Ilustración: Valeria Reynoso
DESDE RÍO DE JANEIRO. ESPECIAL PARA NAN
Río de Janeiro sufre. A menos de un mes del inicio de los XXXI Juegos Olímpicos de Verano, que paradójicamente se llevarán a cabo en invierno, del 5 al 21 de agosto —el fútbol comenzará el 3, antes de la inauguración—, la organización se faja día a día contra propios y extraños para terminar las obras a tiempo y poder albergar, por primera vez en América del Sur, al evento deportivo más importante del mundo.
Más de 10 mil atletas representarán a 206 Comités Olímpicos Nacionales durante casi tres semanas; 33 escenarios diferentes, ubicados a lo largo y a lo ancho de la Cidade Maravilhosa, recibirán la lucha por las medallas y el honor; cinco ciudades que fueron sede en el Mundial de 2014 —Belo Horizonte, Brasilia, São Paulo, Manaos y Salvador— prestarán sus estadios para el fútbol y la señal SportTV, del multimedio Globo, ofrecerá 16 canales de TV y 40 en Internet para cubrir por completo la competencia.
¿Tudo bem? Más o menos…
Es muy distinta la realidad actual del quinto país más poblado del mundo con respecto a la de octubre de 2009, cuando el Comité Olímpico Internacional (COI), reunido en Copenhague, Dinamarca, designó la sede. La crisis económica brasileña —se vive la mayor recesión en 80 años, con inflación y desocupación que alcanzan los dos dígitos— obligó al gobernador interino del Estado de Río de Janeiro, Francisco Dornelles —Partido Progresista (PP)— a declarar por decreto “estado de calamidad pública” para poder financiar los Juegos.
En el diario oficial se publicó que tal decreto permite a los funcionarios «adoptar las medidas excepcionales necesarias para la racionalización de todos los servicios públicos con vistas a la realización de los Juegos Olímpicos y Paralímpicos Río 2016″.

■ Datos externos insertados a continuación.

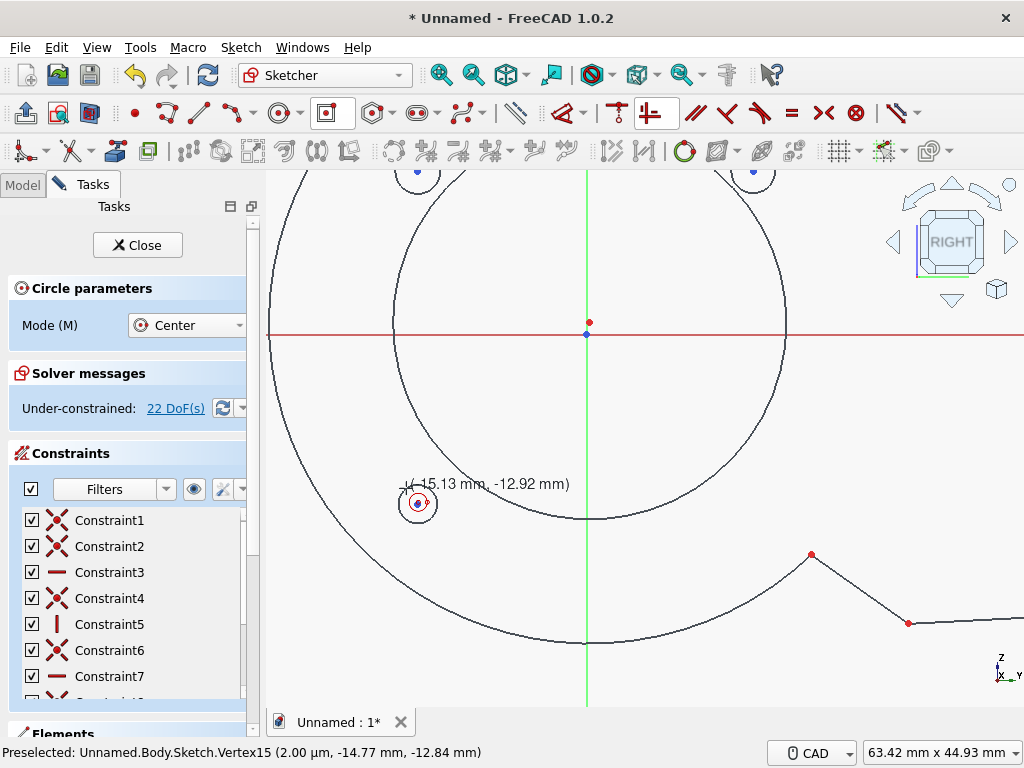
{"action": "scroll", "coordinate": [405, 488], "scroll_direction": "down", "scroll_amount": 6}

“No creo que todo vaya a salir bien. Brasil se convirtió en un lugar sin ley, sin respeto, sin moral. El país está atravesando un pésimo momento. Las personas están cada vez más divididas y llenas de odio. Mi única esperanza es que después de la tormenta, venga la calma. Pero todo puede suceder, ya me fui a dormir con un presidente y me desperté con otro”, cuenta preocupada Camila Rodrigues, estudiante paulista que vive en el interior de Río.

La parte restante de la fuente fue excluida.